- Education: Howard University, Princeton University
- Scientific career
- Fields: Mathematics
- Workplaces: Raytheon Technologies
- Doctoral advisor: Simon Asher Levin

= Nandi Olive Leslie =

American mathematician

Nandi Olive Leslie is an applied mathematician and senior engineering fellow at Raytheon Technologies.

== Early life and education ==
Leslie grew up in Evanston, Illinois where her father, Joshua Leslie, was a professor of mathematics at Northwestern University. She enrolled in university math programs at Northwestern and would accompany her father to various math conferences and speeches around the United States.

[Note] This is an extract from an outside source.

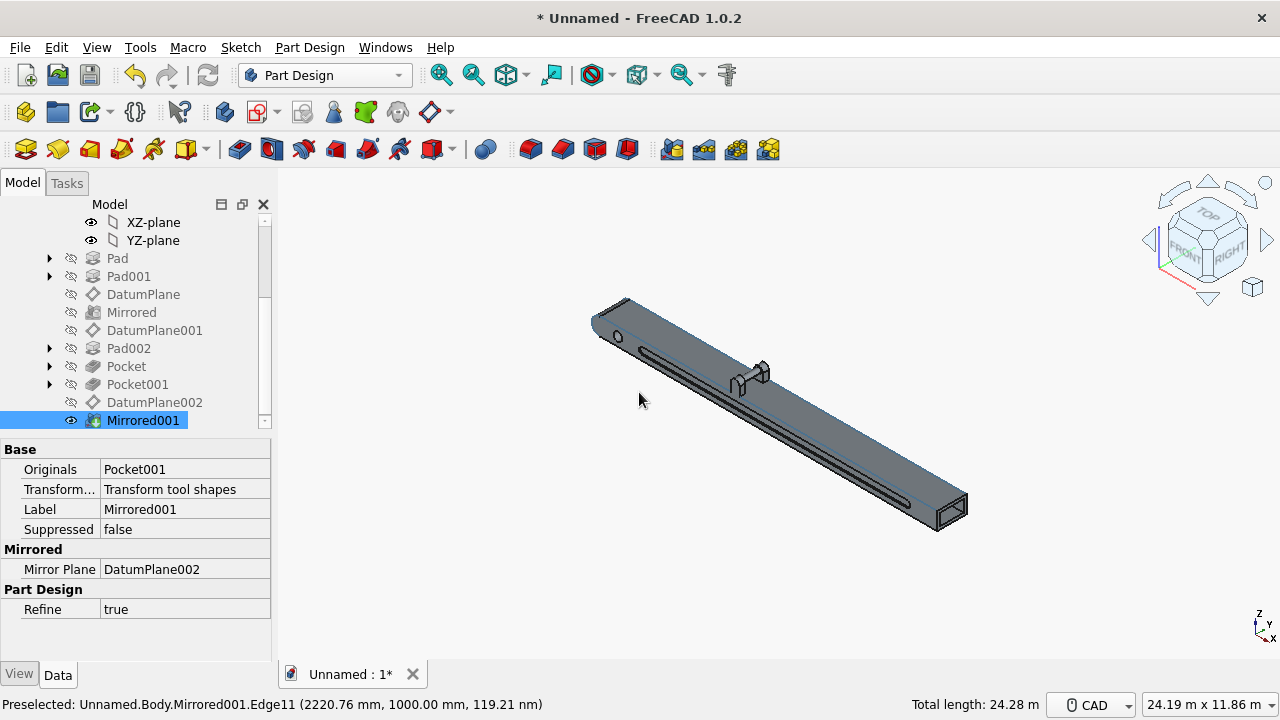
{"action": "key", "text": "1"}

Leslie graduated magna cum laude with a B.S. in Mathematics from Howard University and then a M.A. and PhD in Applied and Computational Mathematics and Ecology and Evolutionary Biology from Princeton University. Her thesis at Princeton was Spatial Stochastic Models for Forest Degradation and Deforestation in Bolivia and Brazil.

== Professional career ==
Leslie serves as a Senior Engineering Fellow at Raytheon Technologies and currently serves as the Raytheon Intelligence and Space Internal Research Development Chief Engineer and Chief Data scientist. Her research interests include machine learning, stochastic processes, cybersecurity, and sensor performance. In 2019, Leslie became the first African American woman at Raytheon to achieve the distinction of engineering fellow. She currently serves on five different scientific advisory boards and was received the Black Engineer of the Year Award for Outstanding Technical Contribution in Industry in 2020.

Beginning in 2020, Leslie has served as a Lecturer and Research Advisor for Master's Degree Theses and Computational Mathematics and Data Science Programs at Johns Hopkins University.